Application and future directions
Microbial diversity is vast. Our ontology did not focus on pathogenic phenotypes (such as hosts, target organs, and diseases). These are areas that will need further ontology integration with other existing ontologies (for example, with OMP, the Disease Ontology, Infectious Disease Ontology, the Pathogenic Disease Ontology, and the Human Disease Ontology) [46–48]. MicrO also did not focus on microbial habitats. Development of ENVO is ongoing and the incorporation of microbial habitats into ENVO is a potential fruitful new approach for integrating MicrO with ENVO. Also, there are a number of new prokaryote-focused ontologies in development focusing on microbial metagenomic metadata and microbial habitats/environments (such as MEOWL; Microbial Environments described using OWL; https://github.com/hurwitzlab/meowl). These can be incorporated into MicrO and formal logical axiom linkages added to further increase axiomization of microbial terms. Finally, our ontology did not cover traits associated with microbial eukaryotes.

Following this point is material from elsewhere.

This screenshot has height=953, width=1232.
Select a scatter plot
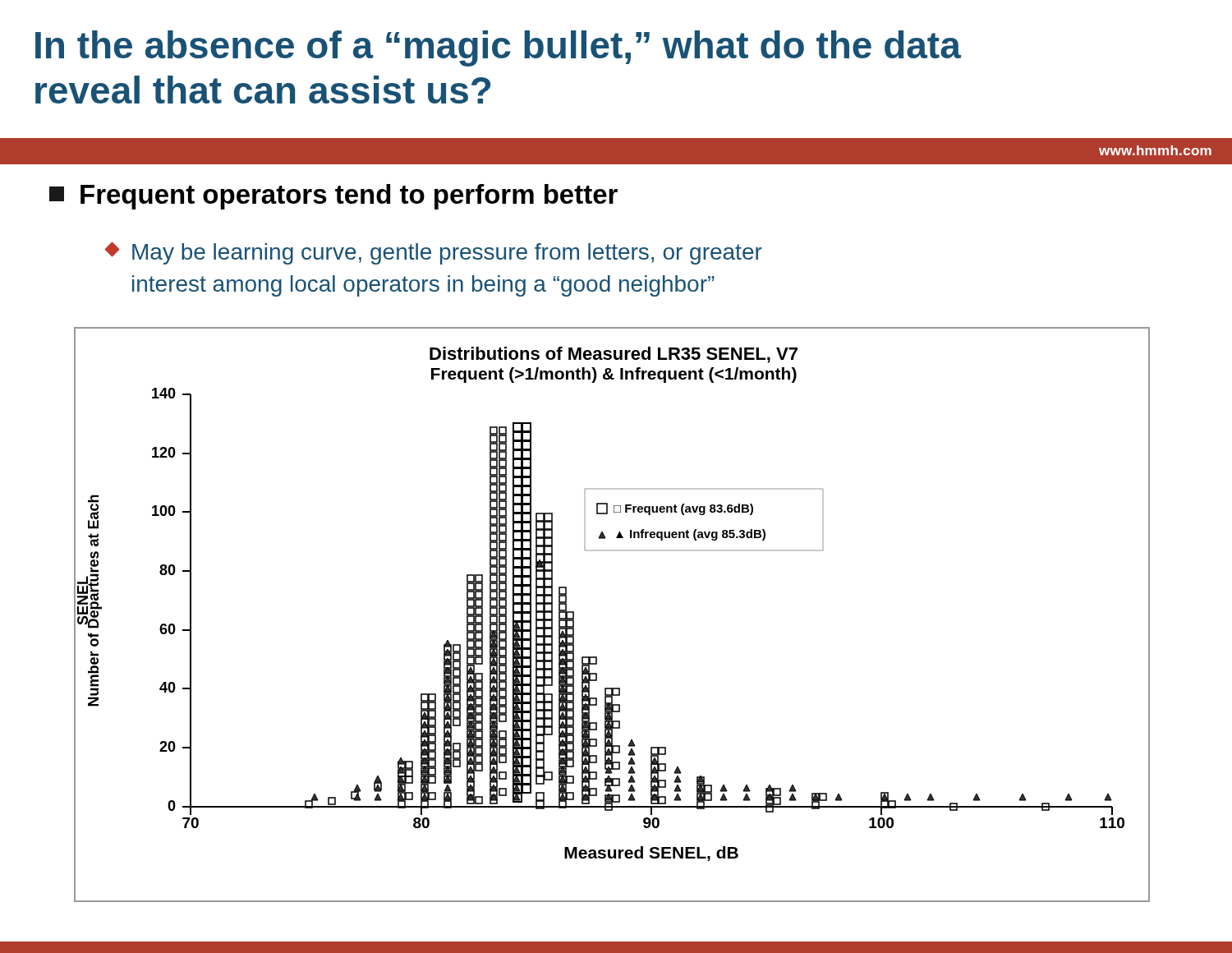click(x=612, y=615)

In the near future, we plan to incorporate MicrO into our developing NLP program (MicroPIE), and in doing so will greatly increase the computing power of MicroPIE. Currently, MicroPIE relies on term lists, which treat each term as an individual entity. MicroPIE cannot determine that the terms ‘rod’, ‘bacillus’, ‘bacilli’, ‘elongated cocci’, and ‘short cylinders’ are all synonyms for the same concept (a bacillus shape). MicrO, with its controlled vocabulary, logical axioms, and annotations including synonyms, can inform NLP programs like MicroPIE that these are indeed the same class, and hence streamline the functionality of the algorithm. The ontology will help MicroPIE recognize that terms such as ‘mixotroph’ and ‘mixotrophic’ all point to the same concept (the ability to carry out process of mixotrophy). The ontology will also reduce confusion in facilitating the identification of synonymous concepts when it comes to the varied reporting of the results of prokaryotic diagnostic assays (as discussed above).

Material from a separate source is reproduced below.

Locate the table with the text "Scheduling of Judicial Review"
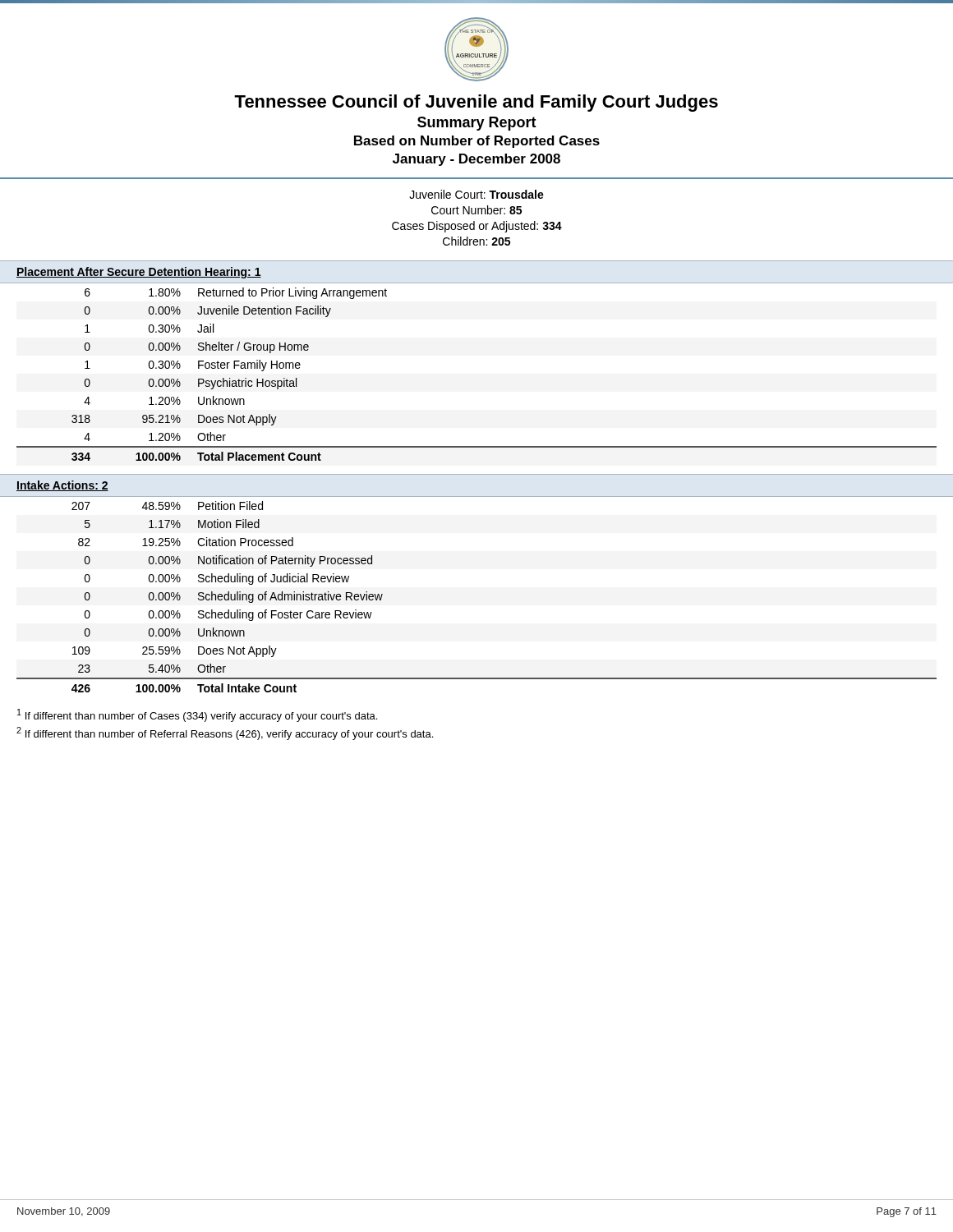 click(x=476, y=597)

Because of the logical inference power provided by the ontology, MicrO will allow algorithms like MicroPIE to infer new information about a microbial taxon that is not explicitly stated in the taxonomic description. For example, if an organism metabolizes glucose and is photosynthetic, MicrO-enabled MicroPIE can infer that it is a photoorganotroph. If an organism grows at 89 °C, MicrO-enabled MicroPIE can infer that it is a hyperthermophile (given that the logical definition for a hyperthermophile in MicrO constrains an organism’s optimal growth temperature to being above 85 °C). If an organism has akinetes, MicrO-enabled MicroPIE will be able to infer that it is in the Nostocales or Stigonematales (two Orders in the Cyanobacteria). These inferred character states can help to populate cells of a matrix that can be quite sparse when NLP is used to extract literal characters from text.

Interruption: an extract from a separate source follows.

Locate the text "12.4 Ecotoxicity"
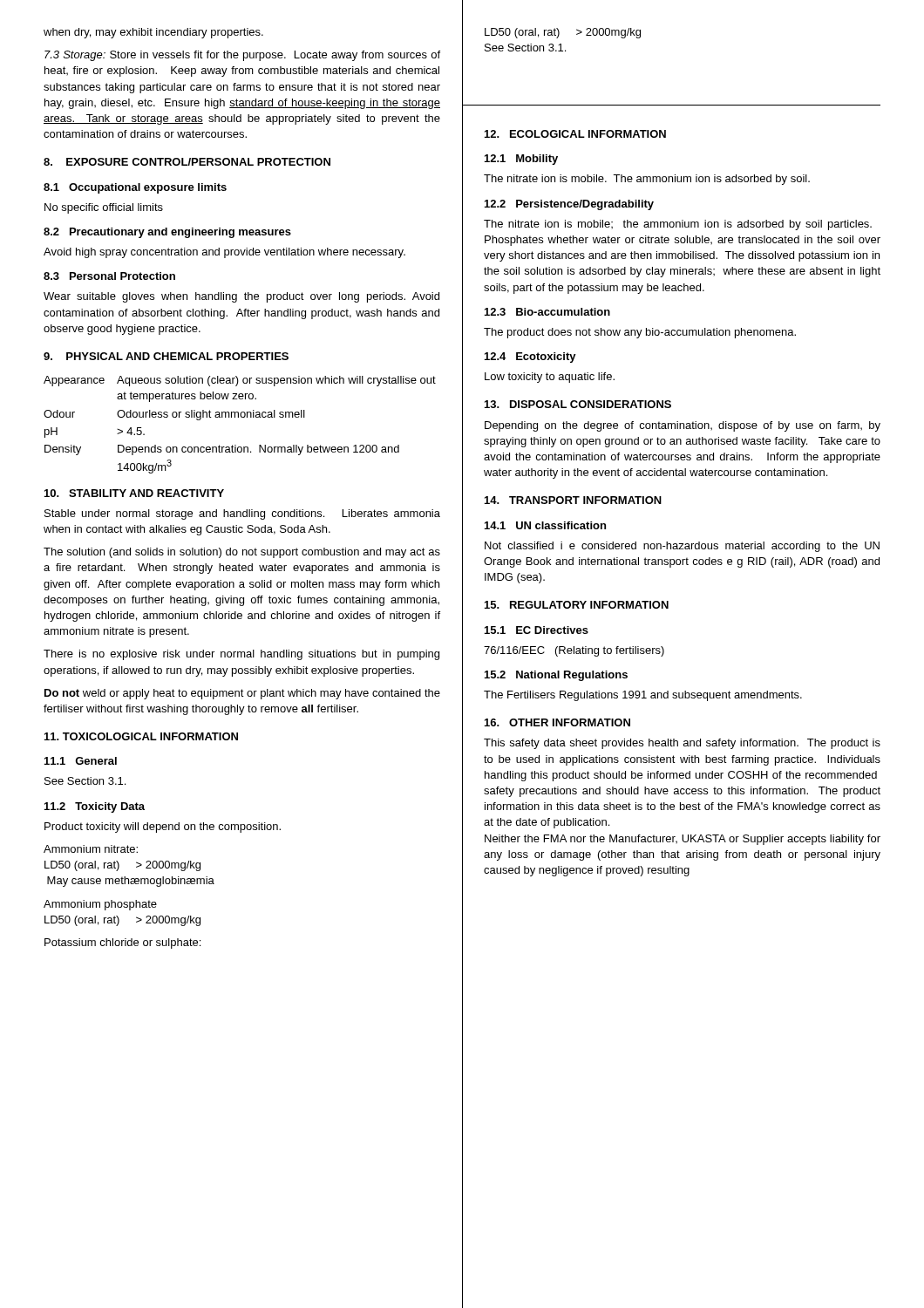924x1308 pixels. tap(530, 356)

Additionally, MicrO will be able to support a future generation of bioinformatics capabilities for the microbiological community. For example, because MicrO connects phenotypic information and diagnostic assays with the enzymatic activities in GO, it could be used to support future work aimed at connecting microbial phenotypes with genotypes (i.e., the gene content in genomes). Exciting new tools and approaches for connecting phenotypes with genotypes are being developed for metazoans [49–51]. These tools could be adapted and expanded to similarly function with microbial taxa and microbial genomes in the future, given that the field of microbiology now has a rich ontology. In this manner, MicrO could be a useful tool for other researchers in the field of metagenomics and evolution of microbial phenotypic traits.
MicrO is an ontology of prokaryotic phenotypes and metabolic characters, which also includes classes for microbiological media recipes and diagnostic assays. The ontology uses a controlled vocabulary, detailed annotations, and an extensive set of logical axioms to connect prokaryotic classes (including qualities, processes, assays, and entities) to terms from 19 outside ontologies. By connecting microbial concepts with chemical entities, material entities, biological processes, molecular functions, and qualities from existing ontologies in the OBO Foundry using logical axioms, we intend MicrO to be a powerful new tool which will help push forward progress on the natural language processing of prokaryotic taxonomic descriptions, and make possible new connections between microbial phenotypes and genotypes (i.e. gene content in genomes). Future ontology development will include incorporation of pathogenic phenotypes (such as hosts, target organs, and diseases) and prokaryotic habitats.
basic formal ontology
biological spatial ontology
chemical entities of biological interest
chemical methods ontology
national drug file reference terminology
information artifact ontology
infectious disease ontology
ontology for biomedical investigations
ontology of microbial phenotypes
microbial phenomics information extractor
natural language processing
open biomedical ontologies
web ontology language
phenotype quality ontology
uber anatomy ontology
Lozupone CA, Knight R. Global patterns in bacterial diversity. Proc Natl Acad Sci U S A. 2007;105(27):11436–40.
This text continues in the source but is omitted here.